Data supplied —

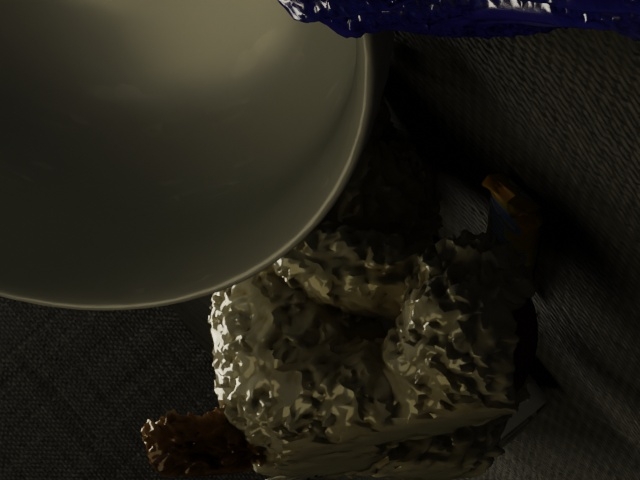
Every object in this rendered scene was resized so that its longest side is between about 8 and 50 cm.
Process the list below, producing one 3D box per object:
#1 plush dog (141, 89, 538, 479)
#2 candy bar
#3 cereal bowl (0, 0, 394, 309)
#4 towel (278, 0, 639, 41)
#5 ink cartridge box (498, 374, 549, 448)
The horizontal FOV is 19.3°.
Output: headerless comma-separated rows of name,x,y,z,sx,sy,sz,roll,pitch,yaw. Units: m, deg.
plush dog,0.002,0.010,1.034,0.262,0.211,0.225,85,179,-73
candy bar,0.102,0.001,1.019,0.040,0.018,0.161,47,171,14
cereal bowl,-0.121,-0.135,0.859,0.339,0.141,0.339,11,132,12
towel,0.033,-0.137,0.486,0.227,0.076,0.308,51,161,-23
ink cartridge box,0.000,0.000,1.329,0.330,0.071,0.324,54,171,-4
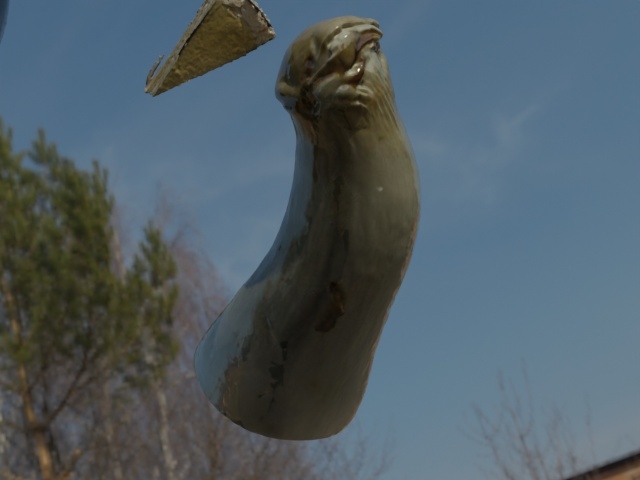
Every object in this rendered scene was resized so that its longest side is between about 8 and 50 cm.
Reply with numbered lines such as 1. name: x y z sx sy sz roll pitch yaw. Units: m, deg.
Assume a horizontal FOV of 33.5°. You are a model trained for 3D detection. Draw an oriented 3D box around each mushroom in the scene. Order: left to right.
1. mushroom: 0.000 -0.001 0.949 0.126 0.177 0.397 -33 -32 -59

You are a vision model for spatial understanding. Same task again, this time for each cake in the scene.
1. cake: -0.097 -0.159 0.899 0.065 0.052 0.121 38 -81 -26

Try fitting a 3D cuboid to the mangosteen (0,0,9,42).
1. mangosteen: -0.480 -0.259 1.129 0.330 0.330 0.330 -15 -25 -7
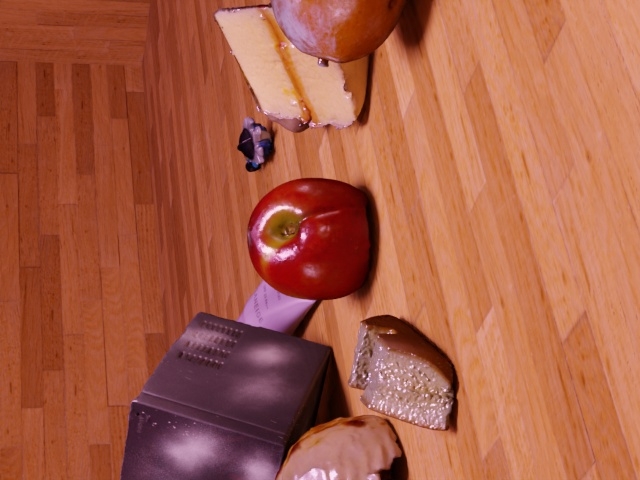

Task —
Everything from the opening line of the data through the line with "#5 ink cartridge box (498, 374, 549, 448)" should be repeated exactly; leave the pictures out.

Exercise result —
Every object in this rendered scene was resized so that its longest side is between about 8 and 50 cm.
Process the list below, producing one 3D box per object:
#1 plush dog (141, 89, 538, 479)
#2 candy bar
#3 cereal bowl (0, 0, 394, 309)
#4 towel (278, 0, 639, 41)
#5 ink cartridge box (498, 374, 549, 448)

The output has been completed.